:: Task item ::
Going down the data below, set down exactly the line with "- cardboard box <box>1088,0,1136,106</box>" and each line after it through the line with "- plastic bottle <box>204,175,239,232</box>"; no other lines.

Dataset entries:
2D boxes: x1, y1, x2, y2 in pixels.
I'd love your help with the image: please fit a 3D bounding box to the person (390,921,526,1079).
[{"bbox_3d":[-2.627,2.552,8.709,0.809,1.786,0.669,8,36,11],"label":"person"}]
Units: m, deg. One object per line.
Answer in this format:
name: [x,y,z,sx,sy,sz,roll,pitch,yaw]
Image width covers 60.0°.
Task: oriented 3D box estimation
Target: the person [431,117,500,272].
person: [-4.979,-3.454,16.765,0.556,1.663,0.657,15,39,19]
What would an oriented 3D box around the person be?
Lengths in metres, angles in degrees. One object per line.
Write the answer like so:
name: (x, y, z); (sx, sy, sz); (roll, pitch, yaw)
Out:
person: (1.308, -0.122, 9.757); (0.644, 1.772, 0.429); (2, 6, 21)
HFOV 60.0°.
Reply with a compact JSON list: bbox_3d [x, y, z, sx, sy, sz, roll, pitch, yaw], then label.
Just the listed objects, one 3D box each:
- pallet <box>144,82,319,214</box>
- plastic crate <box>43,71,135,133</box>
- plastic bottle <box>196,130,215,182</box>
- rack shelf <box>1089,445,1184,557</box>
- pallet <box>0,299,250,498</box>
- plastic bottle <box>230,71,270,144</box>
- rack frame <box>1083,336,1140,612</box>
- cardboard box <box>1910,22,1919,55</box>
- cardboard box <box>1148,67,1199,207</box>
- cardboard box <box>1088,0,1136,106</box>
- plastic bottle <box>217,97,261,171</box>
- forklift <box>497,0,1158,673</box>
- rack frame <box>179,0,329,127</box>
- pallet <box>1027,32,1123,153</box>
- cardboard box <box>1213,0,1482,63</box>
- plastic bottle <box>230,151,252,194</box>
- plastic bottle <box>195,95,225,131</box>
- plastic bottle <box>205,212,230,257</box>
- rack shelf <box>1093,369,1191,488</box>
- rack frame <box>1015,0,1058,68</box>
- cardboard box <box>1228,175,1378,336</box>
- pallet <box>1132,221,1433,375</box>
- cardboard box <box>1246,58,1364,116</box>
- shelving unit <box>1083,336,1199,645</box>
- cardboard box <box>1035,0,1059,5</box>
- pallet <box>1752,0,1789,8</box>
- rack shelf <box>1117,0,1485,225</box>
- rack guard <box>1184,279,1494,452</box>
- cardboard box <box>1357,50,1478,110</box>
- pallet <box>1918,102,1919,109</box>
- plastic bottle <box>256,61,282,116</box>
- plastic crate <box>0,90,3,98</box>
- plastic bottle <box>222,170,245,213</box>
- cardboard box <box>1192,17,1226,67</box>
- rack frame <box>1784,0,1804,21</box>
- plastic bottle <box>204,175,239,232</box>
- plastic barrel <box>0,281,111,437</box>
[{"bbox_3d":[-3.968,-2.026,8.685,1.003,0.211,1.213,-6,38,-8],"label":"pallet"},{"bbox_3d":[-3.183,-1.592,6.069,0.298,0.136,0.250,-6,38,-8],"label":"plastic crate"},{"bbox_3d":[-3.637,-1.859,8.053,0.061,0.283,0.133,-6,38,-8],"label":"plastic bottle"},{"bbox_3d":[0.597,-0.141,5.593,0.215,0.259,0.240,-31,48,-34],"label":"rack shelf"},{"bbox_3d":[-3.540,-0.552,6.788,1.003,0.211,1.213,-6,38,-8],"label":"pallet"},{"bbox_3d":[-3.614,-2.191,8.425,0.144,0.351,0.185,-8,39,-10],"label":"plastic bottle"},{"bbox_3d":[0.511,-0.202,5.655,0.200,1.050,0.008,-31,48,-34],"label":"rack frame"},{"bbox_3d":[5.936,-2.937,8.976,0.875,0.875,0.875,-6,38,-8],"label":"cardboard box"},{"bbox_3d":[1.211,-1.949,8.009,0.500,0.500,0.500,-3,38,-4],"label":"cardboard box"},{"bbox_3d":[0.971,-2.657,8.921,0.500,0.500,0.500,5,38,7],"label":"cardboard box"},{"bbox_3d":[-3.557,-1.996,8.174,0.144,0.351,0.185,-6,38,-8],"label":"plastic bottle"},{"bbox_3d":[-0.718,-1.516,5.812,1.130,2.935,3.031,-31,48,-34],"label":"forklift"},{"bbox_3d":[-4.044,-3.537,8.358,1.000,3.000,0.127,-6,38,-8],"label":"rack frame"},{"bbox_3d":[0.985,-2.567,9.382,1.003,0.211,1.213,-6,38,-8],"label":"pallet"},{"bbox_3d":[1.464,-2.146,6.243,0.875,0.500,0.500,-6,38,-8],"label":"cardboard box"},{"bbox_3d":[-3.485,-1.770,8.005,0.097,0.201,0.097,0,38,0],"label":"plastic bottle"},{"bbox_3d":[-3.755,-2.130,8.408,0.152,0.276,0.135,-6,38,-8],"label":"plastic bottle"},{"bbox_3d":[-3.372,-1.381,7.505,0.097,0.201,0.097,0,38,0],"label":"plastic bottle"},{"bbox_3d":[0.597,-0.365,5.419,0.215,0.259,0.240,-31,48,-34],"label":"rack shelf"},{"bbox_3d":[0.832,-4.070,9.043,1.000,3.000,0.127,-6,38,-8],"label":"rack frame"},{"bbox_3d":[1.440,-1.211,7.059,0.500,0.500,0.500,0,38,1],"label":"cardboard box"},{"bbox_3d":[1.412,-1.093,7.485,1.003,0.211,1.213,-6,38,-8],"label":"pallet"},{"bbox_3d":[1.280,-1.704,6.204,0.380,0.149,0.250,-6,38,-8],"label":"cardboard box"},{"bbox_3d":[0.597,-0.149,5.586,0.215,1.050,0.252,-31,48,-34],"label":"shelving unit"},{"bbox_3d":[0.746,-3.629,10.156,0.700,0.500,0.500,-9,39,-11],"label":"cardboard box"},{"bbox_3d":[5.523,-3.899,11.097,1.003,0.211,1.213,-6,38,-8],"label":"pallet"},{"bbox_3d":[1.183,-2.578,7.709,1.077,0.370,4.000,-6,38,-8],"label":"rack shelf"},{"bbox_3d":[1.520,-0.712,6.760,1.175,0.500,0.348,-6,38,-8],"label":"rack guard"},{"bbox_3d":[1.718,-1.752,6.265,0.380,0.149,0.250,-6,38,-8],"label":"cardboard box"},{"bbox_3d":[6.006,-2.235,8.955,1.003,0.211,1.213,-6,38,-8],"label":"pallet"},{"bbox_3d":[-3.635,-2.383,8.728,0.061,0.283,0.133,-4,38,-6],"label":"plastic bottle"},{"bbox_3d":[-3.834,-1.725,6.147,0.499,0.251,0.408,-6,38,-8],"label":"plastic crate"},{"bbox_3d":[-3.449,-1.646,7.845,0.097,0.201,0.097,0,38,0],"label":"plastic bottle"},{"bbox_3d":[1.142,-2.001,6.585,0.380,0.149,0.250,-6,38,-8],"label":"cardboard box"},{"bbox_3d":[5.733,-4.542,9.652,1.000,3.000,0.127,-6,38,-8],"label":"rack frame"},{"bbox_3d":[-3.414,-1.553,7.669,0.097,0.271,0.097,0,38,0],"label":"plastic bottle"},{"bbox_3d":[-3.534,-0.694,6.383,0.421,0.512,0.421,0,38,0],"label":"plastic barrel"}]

:: Exercise output ::
- cardboard box <box>1088,0,1136,106</box>
- plastic bottle <box>217,97,261,171</box>
- forklift <box>497,0,1158,673</box>
- rack frame <box>179,0,329,127</box>
- pallet <box>1027,32,1123,153</box>
- cardboard box <box>1213,0,1482,63</box>
- plastic bottle <box>230,151,252,194</box>
- plastic bottle <box>195,95,225,131</box>
- plastic bottle <box>205,212,230,257</box>
- rack shelf <box>1093,369,1191,488</box>
- rack frame <box>1015,0,1058,68</box>
- cardboard box <box>1228,175,1378,336</box>
- pallet <box>1132,221,1433,375</box>
- cardboard box <box>1246,58,1364,116</box>
- shelving unit <box>1083,336,1199,645</box>
- cardboard box <box>1035,0,1059,5</box>
- pallet <box>1752,0,1789,8</box>
- rack shelf <box>1117,0,1485,225</box>
- rack guard <box>1184,279,1494,452</box>
- cardboard box <box>1357,50,1478,110</box>
- pallet <box>1918,102,1919,109</box>
- plastic bottle <box>256,61,282,116</box>
- plastic crate <box>0,90,3,98</box>
- plastic bottle <box>222,170,245,213</box>
- cardboard box <box>1192,17,1226,67</box>
- rack frame <box>1784,0,1804,21</box>
- plastic bottle <box>204,175,239,232</box>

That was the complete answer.